A stood by the balcony, gripping the broken iron grill. Outside, a steady drizzle was falling, soaking the dusty city streets. To Akash, his life felt just like those streets—covered in the dust of humiliation all day, longing like a thirsty bird for a single drop of peaceful rain at night. But even that rain tasted like salt today.

​He reached into his pocket and found a crumpled twenty-taka note and a few loose coins. He was caught in a soul-crushing calculation: should he buy a strip of his father's medicine tomorrow morning, or a small portion of rice for his mother?

​He was a son of the middle class—trapped in a world where he could neither beg for help nor lay bare his soul to show his scarcity. Earlier that afternoon, his younger sister had asked, "Bhaiya, can my college fees be paid tomorrow?" Akash had only managed a faint smile and a nod. Only he knew the depth of the agony and helplessness hidden behind that smile.

​On his way back from the office, he had seen a man the entire neighborhood knew as a "vulture." A moneylender. He was clutching a rickshaw puller by the collar, screaming over a few measly coins. The rickshaw puller's tears were merging with the falling rain. Akash felt a desperate urge to protest, but the emptiness of his own pockets turned him to stone. His middle-class pride wouldn't let him reach out for help, yet his poverty wouldn't let him sleep in peace.

​He returned to his room and opened his laptop, where the page of his 'WebNovel' flickered on the screen. He didn't know if these fictional characters would ever guarantee him two square meals a day. Sometimes, he felt like breaking his pen and begging a middle-man for a job. But then he remembered—this pen was his only weapon.

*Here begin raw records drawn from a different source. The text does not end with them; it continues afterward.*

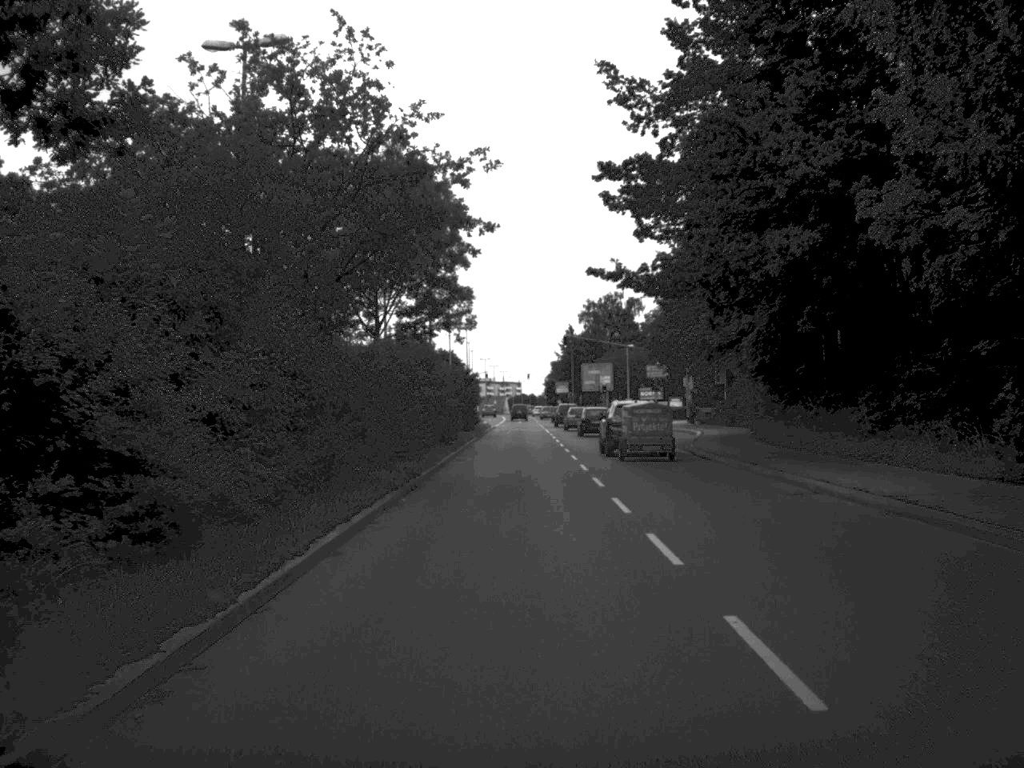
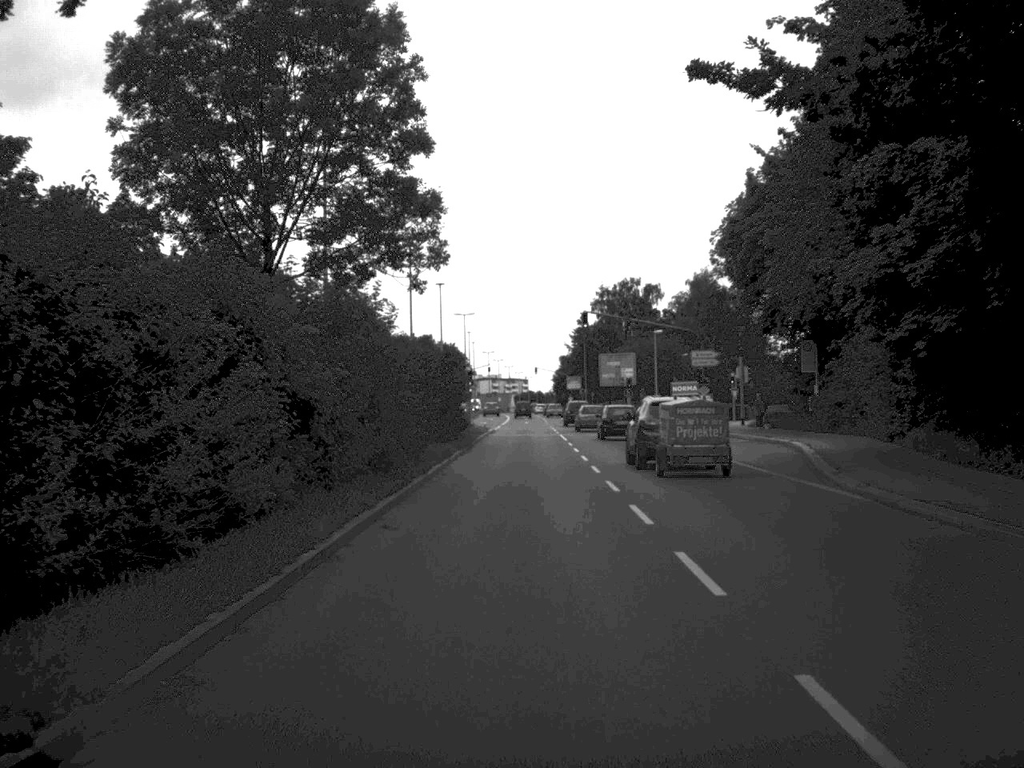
(-0.1, +19.8) m; 0°
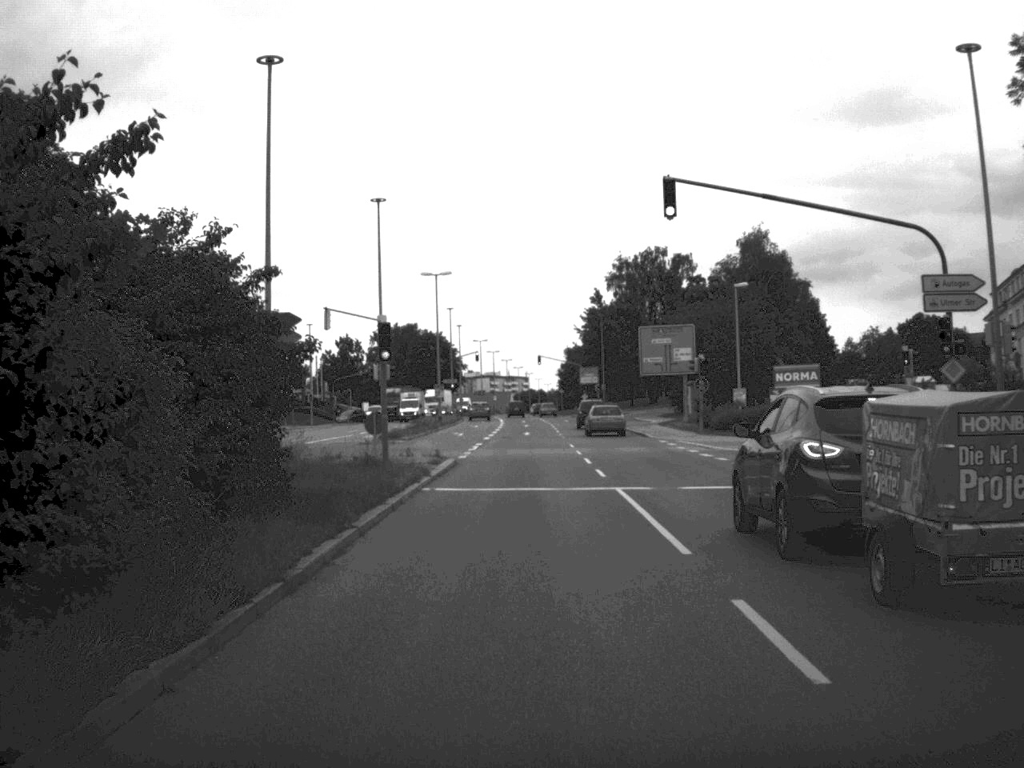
(0.0, +38.8) m; 0°
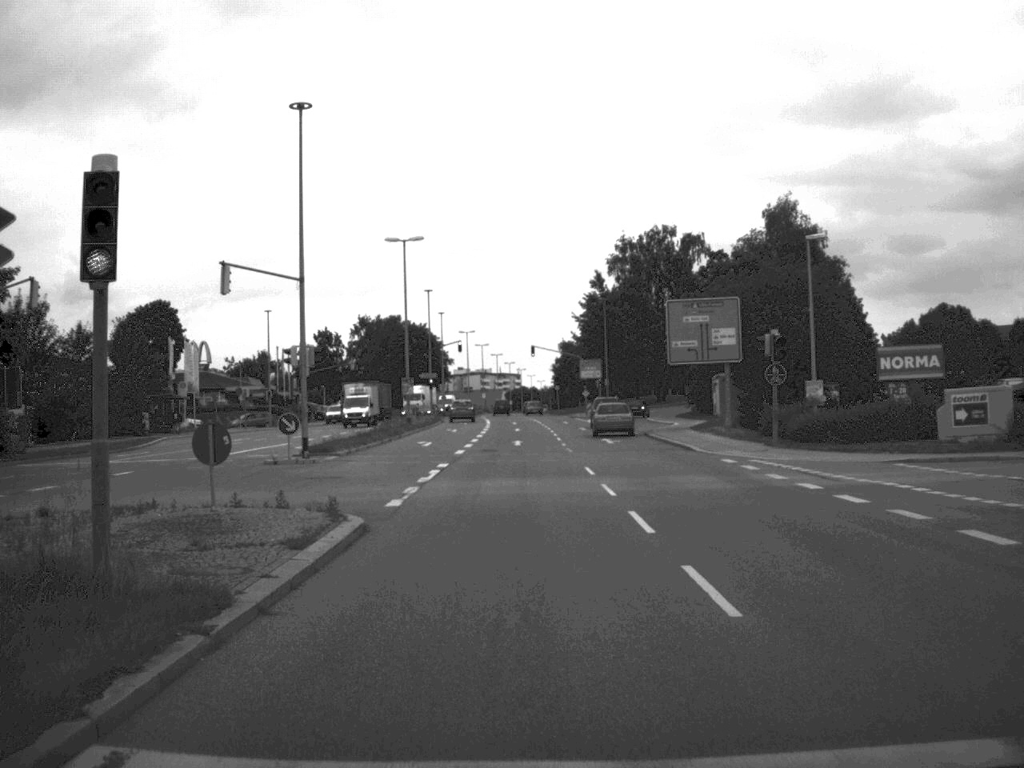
(0.0, +17.5) m; 0°
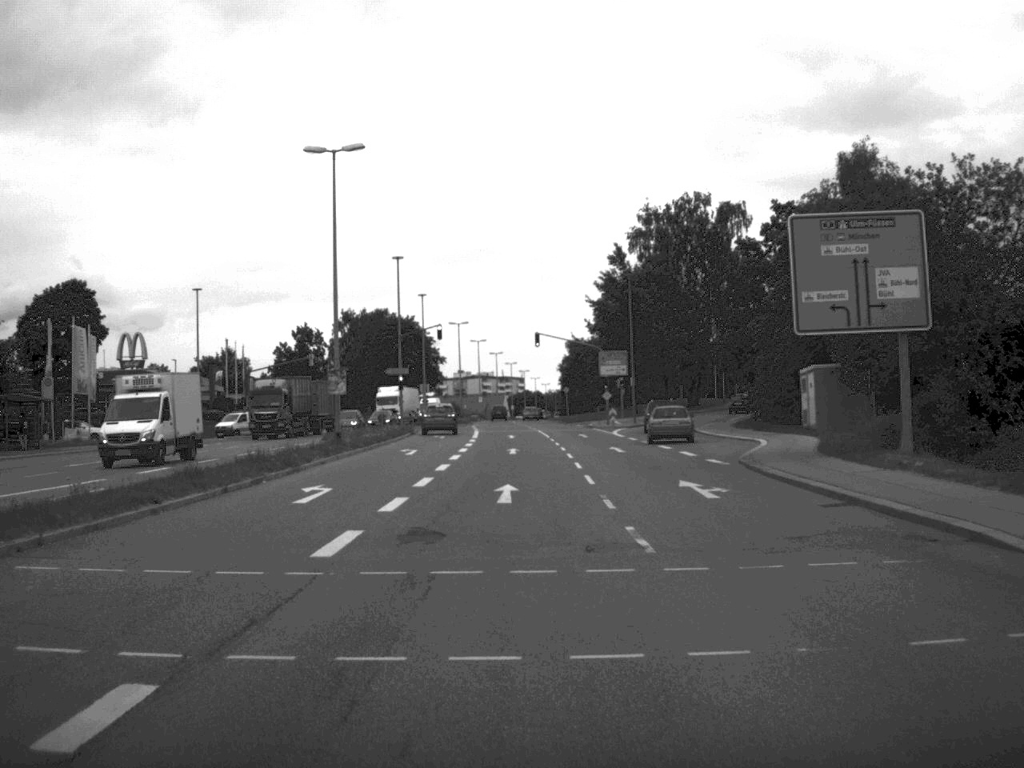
(+0.1, +25.6) m; 0°
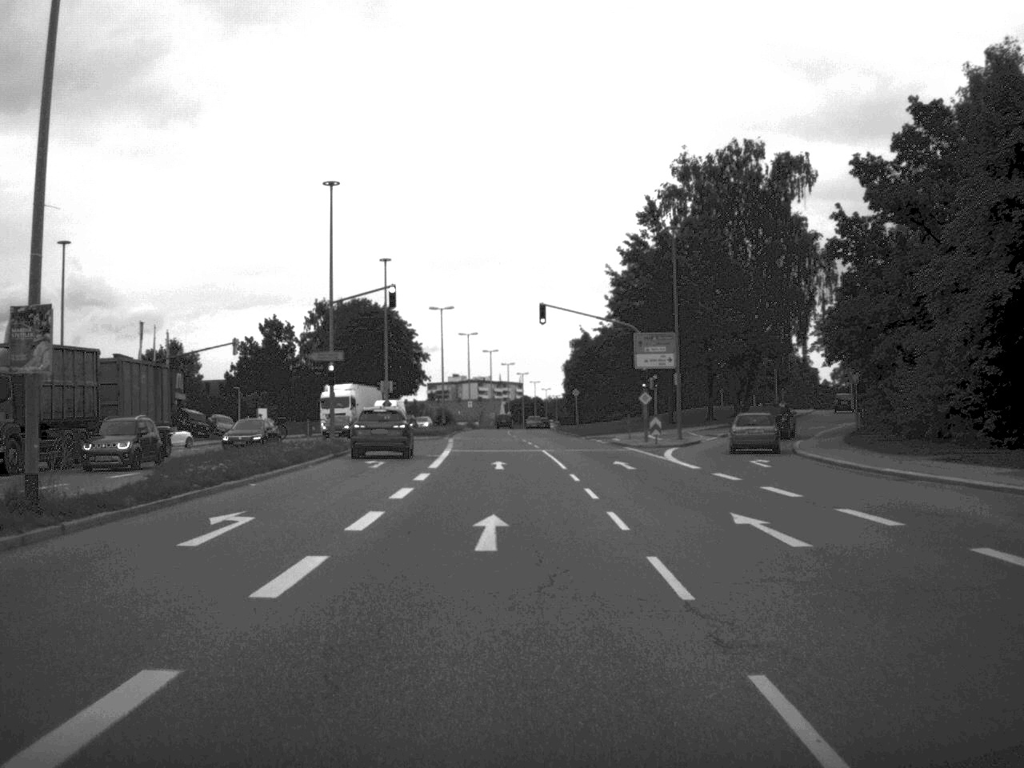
(0.0, +26.6) m; 0°
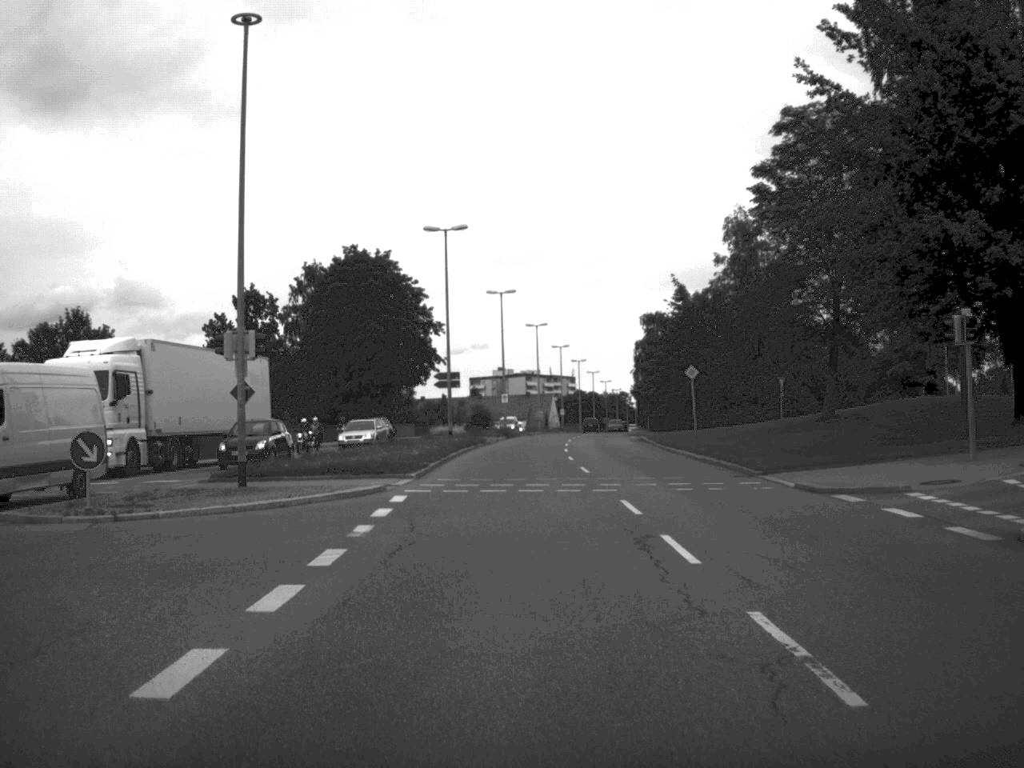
(-0.9, +46.2) m; -2°

​He began to write. No fairy tales this time; he wrote about his own caged life. Each word fell onto the digital page like a silent scream. He wrote about people who forget the need for new clothes because they are too consumed by the worry of their next meal—people who are too ashamed to beg, yet are slowly crumbling inside.

​As he wrote, it felt as if his ink was running dry. He whispered to himself, "Let the ink run out, but let the fire of my struggle never fade."

​As the night faded and the first light of dawn broke, Akash noticed his laptop battery was dying. But one chapter of his story remained unfinished. He knew that maybe no one would read this, or maybe it would never bring in any money. Yet, this writing was his only lifeline.

​Perhaps one day these clouds will clear. Perhaps one day his sister's college fees will no longer be overdue. Driven by the hope of that one day, Akash began to type again. Nothing but death would stay his hand—because an author cannot die until the stories of the needy are told to the end.